Depuis plus de dix ans, l’Union européenne a investi beaucoup d'efforts et de crédits pour lutter contre le trafic de drogue en Asie centrale. Le programme CADAP vise à enseigner aux autorités compétentes les normes internationales et européennes en matière de lutte contre le trafic de drogue. Le programme serait toutefois plus efficace en se concentrant sur une réduction de la demande de drogues au Kirghizistan et en Russie. Il serait également efficace d’inclure dans ce programme l'Afghanistan, pays fournisseur. Agir à la fois sur la demande dans les pays consommateurs et sur l’offre en Afghanistan permettrait d’obtenir un résultat beaucoup plus efficace que maintenant et les problèmes en Asie centrale concernant ce trafic pourraient ainsi se trouver amoindris. La principale interrogation demeure cependant de savoir quels pourraient être les instruments des pays d’Asie centrale – pays de transit par excellence – dans le but d’agir sur l’offre et/ou sur la demande de narcotiques. Dans un contexte régional changeant et complexe, où les intérêts de plusieurs puissances se rencontrent, la question demeure ouverte.
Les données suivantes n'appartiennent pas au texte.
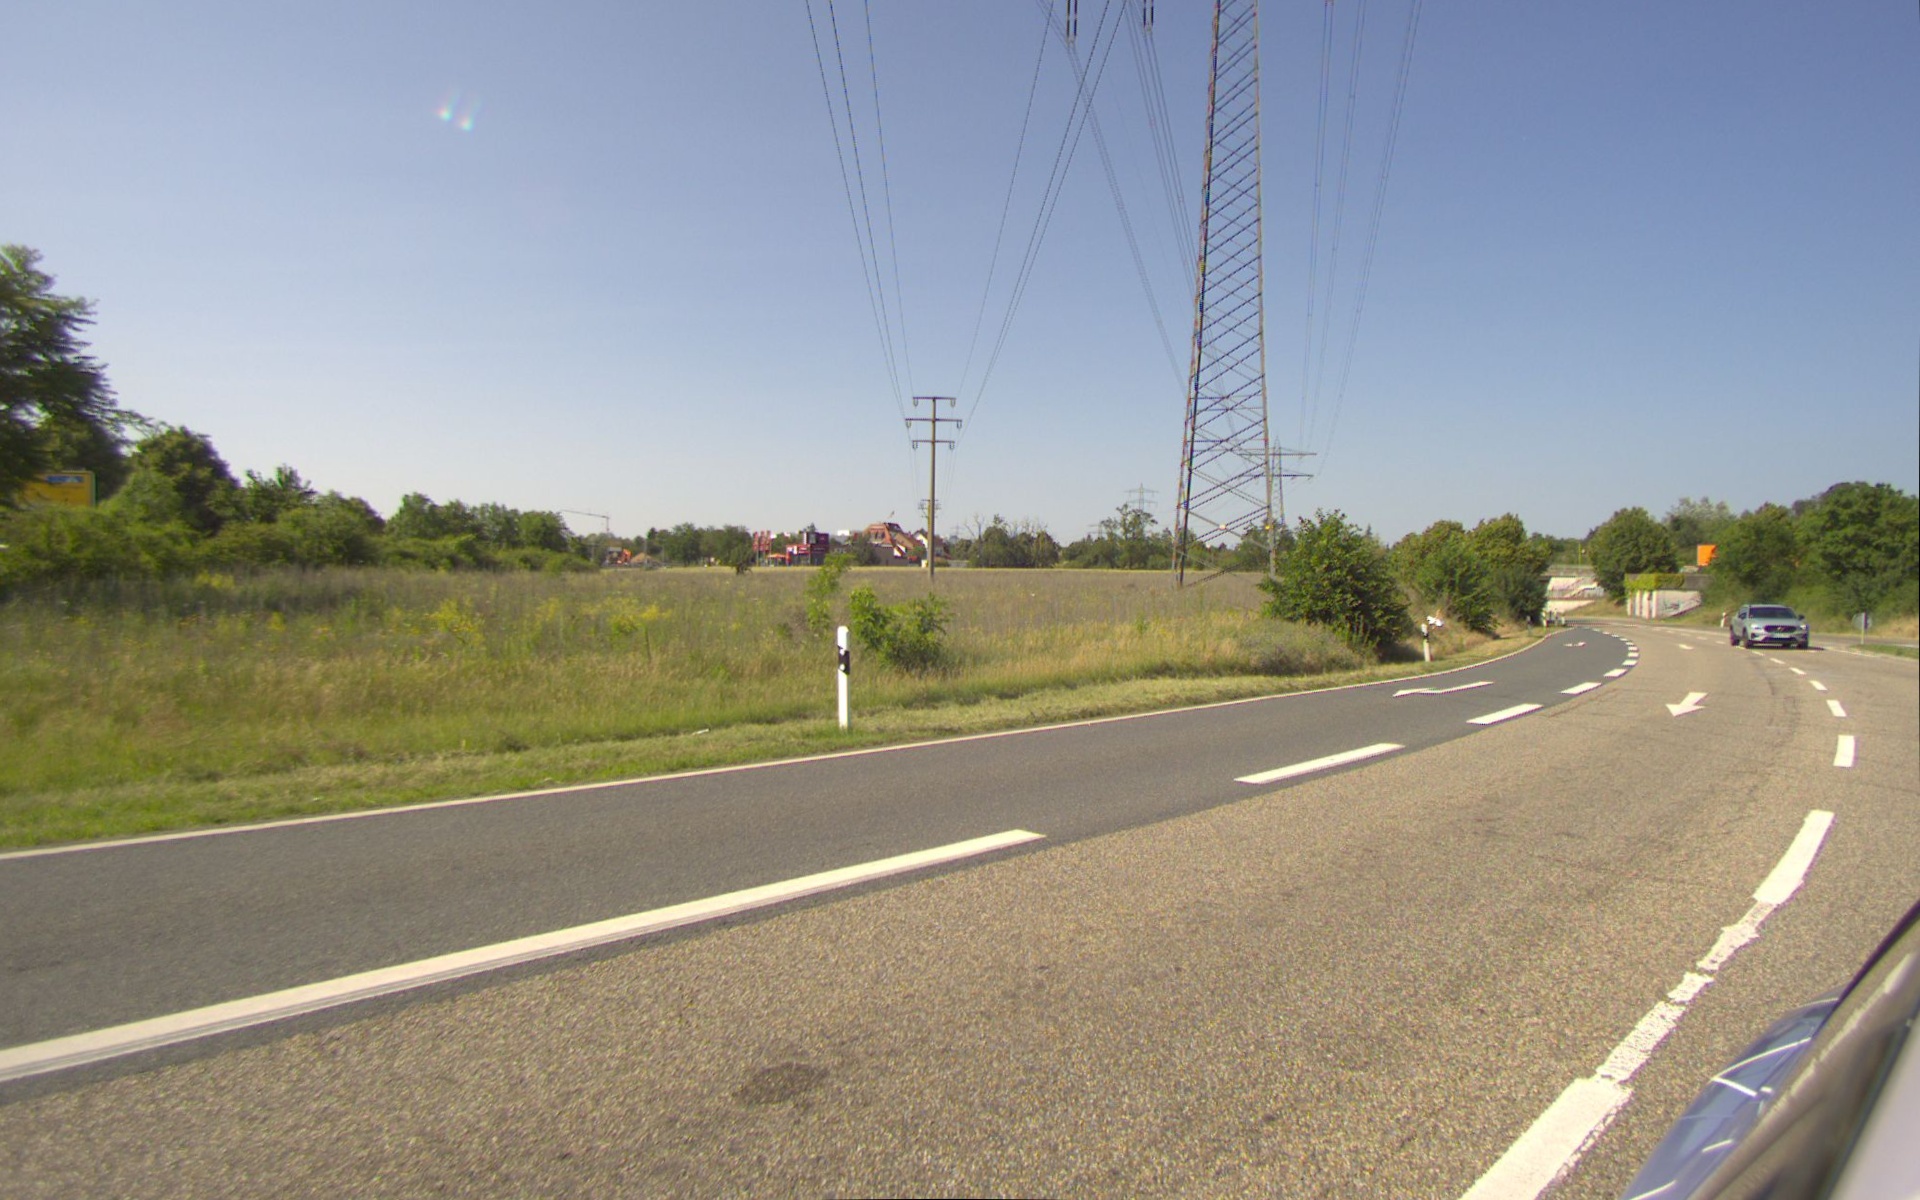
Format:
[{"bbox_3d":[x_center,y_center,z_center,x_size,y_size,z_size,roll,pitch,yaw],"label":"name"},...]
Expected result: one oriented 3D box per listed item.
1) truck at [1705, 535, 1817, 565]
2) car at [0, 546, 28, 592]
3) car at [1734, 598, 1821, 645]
[{"bbox_3d":[98.966,-6.140,125.361,2.117,3.224,11.305,0,0,-22],"label":"truck"},{"bbox_3d":[-52.950,-1.707,55.132,1.431,2.467,3.913,0,0,-12],"label":"car"},{"bbox_3d":[30.683,0.778,38.076,1.843,1.640,3.612,0,0,28],"label":"car"}]

Anastassia Griadassova et Evguéniia Degtiareva

Relu par Sylvain Mahuzier et Pierre Falconnetti

 

Références :

1. "Les doses mortes", agence d'informations russe

2. Guliza Chudubaeva, « Les données des experts sur le volume de drogues que passe par KR sont faux », 

3. "L'Asie centrale, plaque tournante du trafic de drogue", Cairn.info

4. Central Asia Drug Action Problem CADAP, Kirghizstan.

5. European Monitoring Center for Drugs and Drug Addiction, Country Overview: Kyrgyzstan, Problem Drug Use

6. Bernd Kubisch, "Breaking Free of Addiction, In the Spotlight"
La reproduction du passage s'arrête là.